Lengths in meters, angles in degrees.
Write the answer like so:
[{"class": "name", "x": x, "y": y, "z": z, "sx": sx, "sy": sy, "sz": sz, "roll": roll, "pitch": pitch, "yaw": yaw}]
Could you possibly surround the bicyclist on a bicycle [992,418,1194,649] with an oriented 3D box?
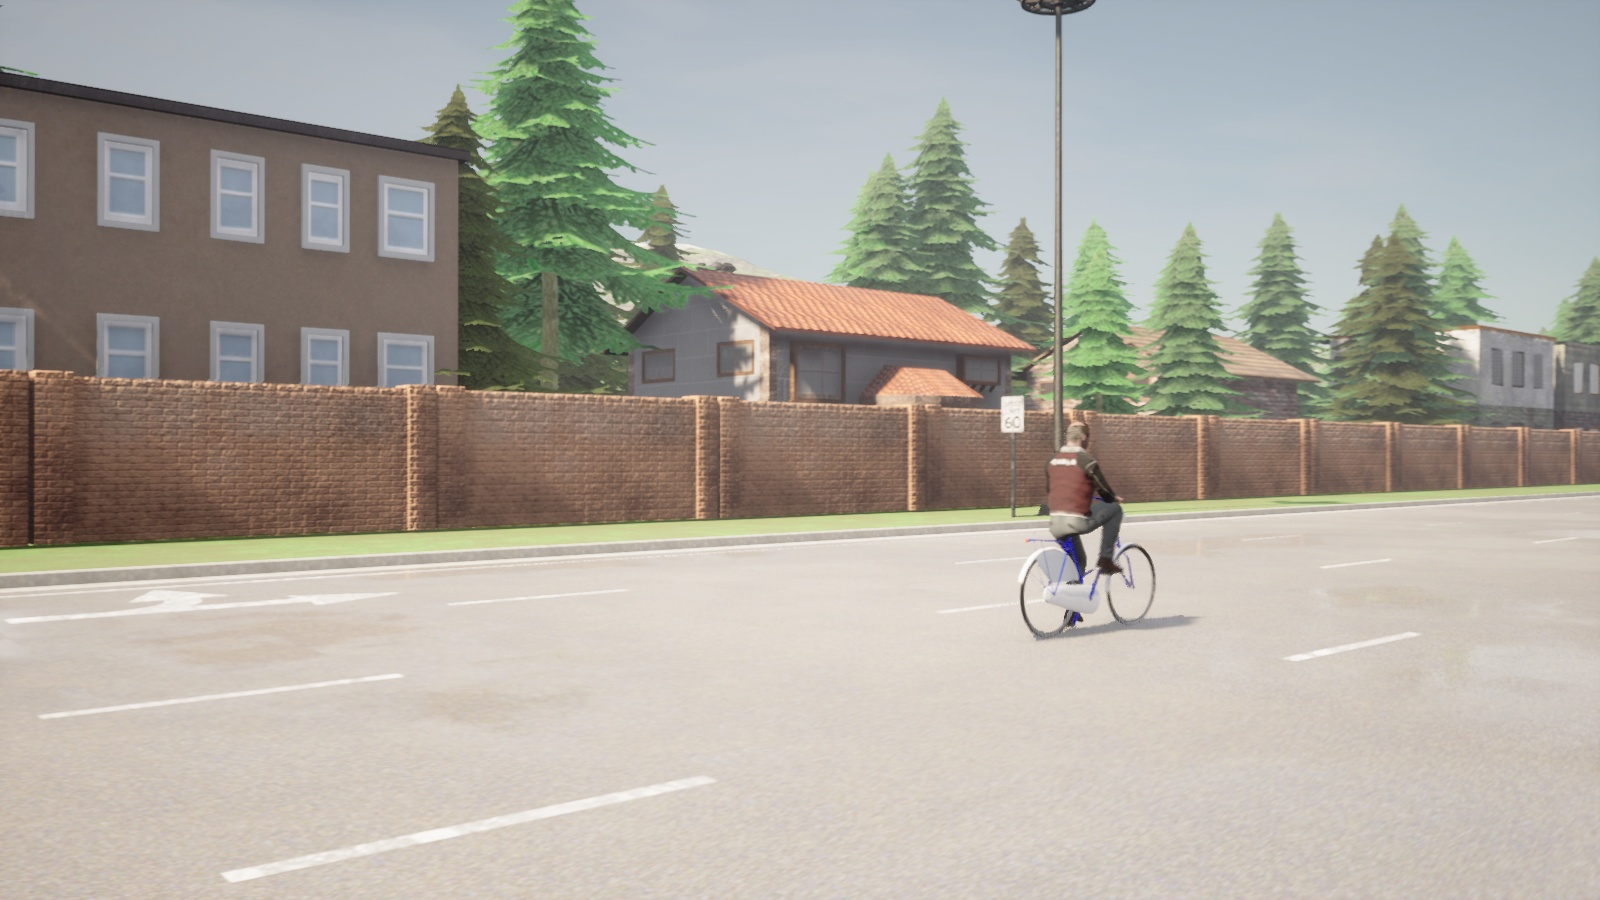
##############################
*EXERCISE GOAL*. Pictures are to be omitted; otherwise, write out the data exactly as it appears.

*RESPONSE*.
Lengths in meters, angles in degrees.
Write the answer like so:
[{"class": "name", "x": x, "y": y, "z": z, "sx": sx, "sy": sy, "sz": sz, "roll": roll, "pitch": pitch, "yaw": yaw}]
Could you possibly surround the bicyclist on a bicycle [992,418,1194,649] with an oriented 3D box?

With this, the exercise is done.